Changes, transitions, new experiences…they are all a normal part of life.  Some are more exciting than others and many present an exciting new chapter in life. All, though, present some sort of challenge and require our trust that God has a plan in it somewhere. I will just be honest from the beginning – I’m terrible at trusting God through transitions. To illustrate, I recently graduated with my Master’s in Public Health. The past two years have been incredible – I was privileged enough to go to school to study and now work in an area I deeply care about.  And while I am thrilled to death about this, my feelings of elation are strongly overshadowed by feelings of doubt, uncertainty, and pure fear about what the future holds. When I graduated, everyone asked, “What an exciting time for you! Doesn’t it feel great? What are you going to do? What are your career goals?” which is the only polite thing, of course, to ask a person who just worked crazy hard for a degree… except that the only thing it instilled in me was more anxiety.  All I could think was, “well, yes I’m excited, but also completely frustrated.  I feel like I should know what to do; I definitely felt God leading me in this direction when I decided to go back to school, but now that I’m finished, I feel a little (oh wait, totally) lost.” This only lead to further feelings of frustration toward God, wondering why He, at least from my perspective, was choosing to stay silent on this very important issue in my life (oh yes, I am fully aware of (a) how self-centered that is, and (b) that I am not the only person going through a major transition/life event.  But I’m just being honest).

So yeah, not doing so great on that front, but enough about my issues. Let’s get down to answering the essential question: Why must we go through transitions and how do we trust God through them?

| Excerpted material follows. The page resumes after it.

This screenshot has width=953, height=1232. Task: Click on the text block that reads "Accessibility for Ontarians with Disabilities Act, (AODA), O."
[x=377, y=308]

I may not being doing so well trusting God at times, but I have thought about this question a lot. In listening to Summer’s sermon on Amos this past week, I saw the beginning of an answer brought into clear focus.  Amos illustrated for us what happens when we put our trust in something other than God – it only destroys us in the end.  Believing that my security rests in me getting my perfect job, or having my next 10 years perfectly planned out isn’t what God calls us to do. What I’ve realized is transitions are God’s way of saying, “Hey you, you’ve forgotten who ultimately is in control here.  It’s not you and until you truly let go and allow yourself to see that, this is going to get harder and harder.”

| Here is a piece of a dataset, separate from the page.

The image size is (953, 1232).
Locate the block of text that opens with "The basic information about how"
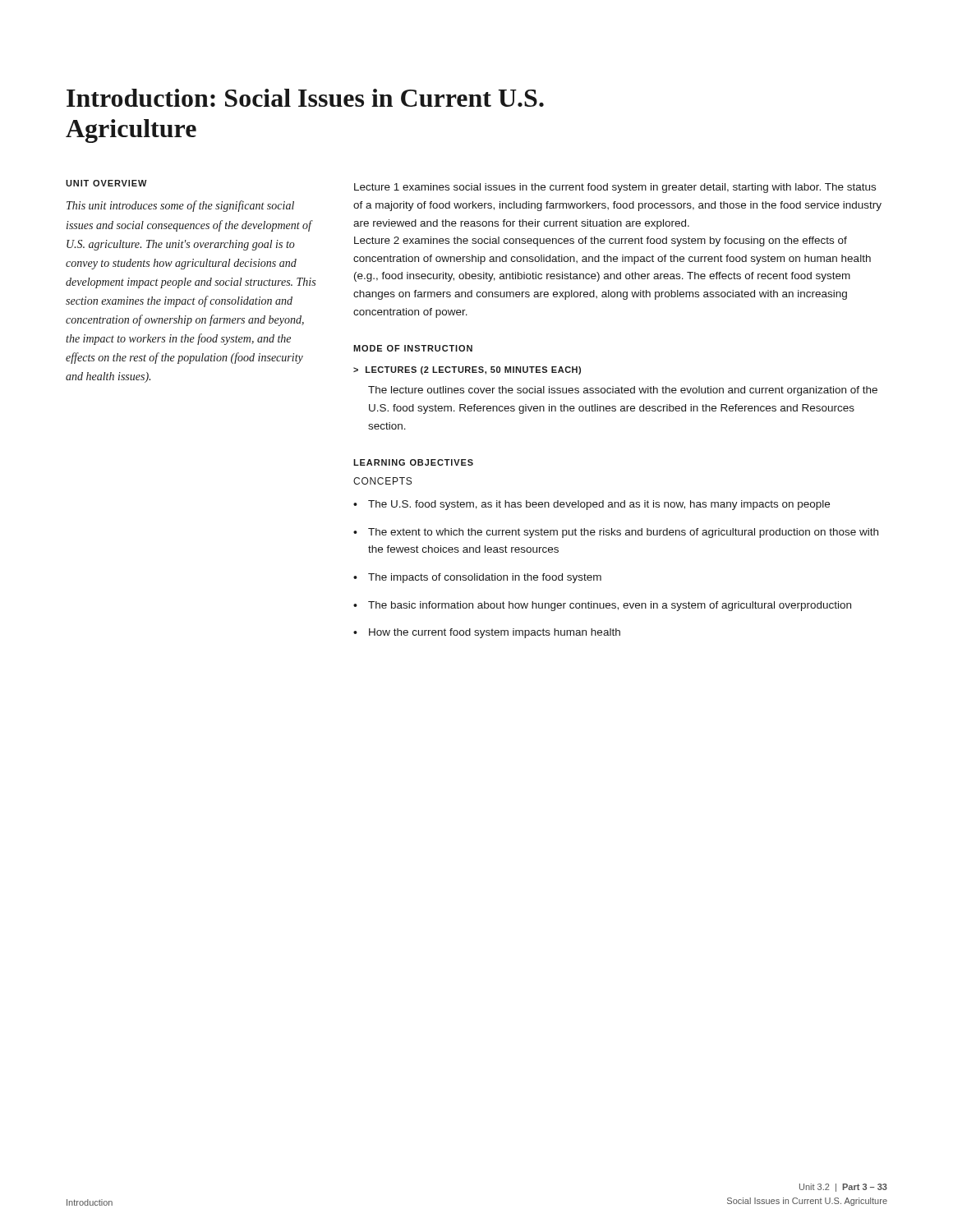pyautogui.click(x=620, y=605)
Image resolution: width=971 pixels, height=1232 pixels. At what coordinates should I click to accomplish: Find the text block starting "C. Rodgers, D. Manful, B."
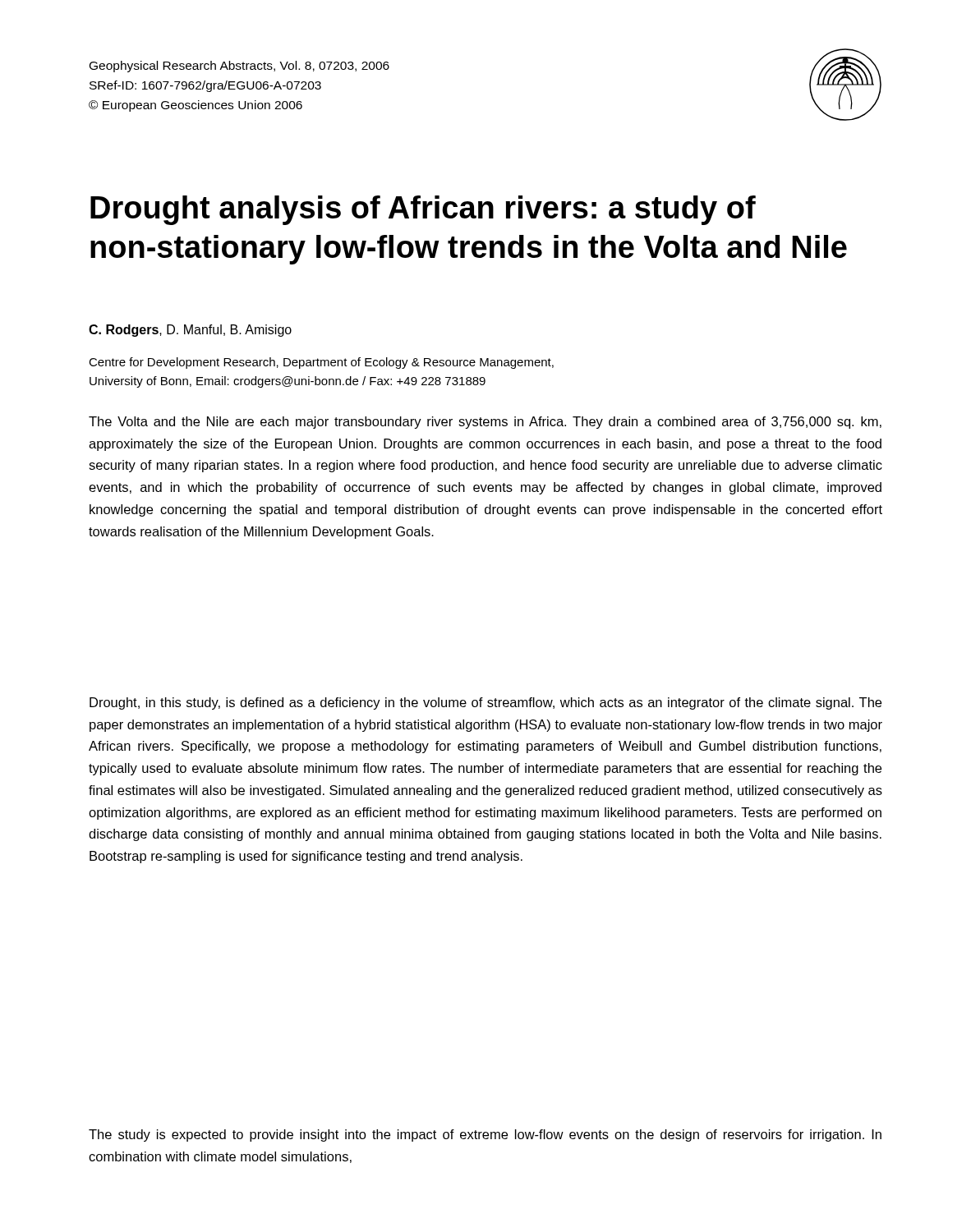pos(190,331)

Living in constant anxiety about the future is no way to operate day-to-day and it is definitely not in line with God’s words to us in Matthew 6:25-34: (v. 27) “Who of you by worrying can add a single hour to his life?” So bit by bit I am learning to take a step back. I first have to admit that in the scheme of all of life and all the many things that happen, my transition from graduation to a job is not that huge.  I’m not minimizing it by any means, but this learning and shaping experience is just one of many to go along with all the other learning, shaping, and sometimes excruciating experiences that are a part of God molding us more and more into who he wants us to be. That may sound a little cliché, but it is very true.  Life will never stop having transitions, whether it is moving, changing jobs, getting married, having a baby, finishing school, retiring…well, that list goes on forever. In reality, all of life is one big transition moving us closer and closer to whom God originally intended for us to be.

I was recently talking to a friend about my anxieties, expressing a feeling of being overwhelmed at the prospect of having to make all the “right connections” in the job world. She responded by saying, “But Paula, you know the Creator, of everything. Isn’t that enough? Isn’t that the ultimate connection?” The obvious answer is a resounding YES, as hard as it is to internalize at times. We know a powerful, loving, and steadfast God who is in control of this entire universe.  We also know a God who works in His time, a time that is perfect according to His plan, no matter how it may feel in the moment.

I often find myself waking up in the morning, singing this song:

“Father, I will not worry about tomorrow

All of its questions, or all of its answers.

Father, I will just trust you…….”

 

I think I may continue to repeat these words, and to read Jeremiah 29:11, over and over, because I am not perfect and I need continual reminders.  But in the end, I will rest in the assurance that I serve a mighty God who knows and tends to every finicky detail of what is my crazy life. I will leave you with these words of Colossians 1:9-12 from The Message, which illustrates perfectly what is in store for us as we trust God through it all:

“Be assured that from the first day we heard of you, we haven’t stopped praying for you, asking God to give you wise minds and spirits attuned to his will, and so acquire a thorough understanding of the ways in which God works.  We pray that you’ll live well for the Master, making him proud of you as you work hard in his orchard.  As you learn more and more how God works, you will learn how to do your work.  We pray that you’ll have the strength to stick it out over the long haul – not the grim strength of gritting your teeth, but the glory-strength God gives.  It is strength that endures the unendurable and spills over into joy, thanking the Father who makes us strong enough to take part In everything bright and beautiful that he has for us.”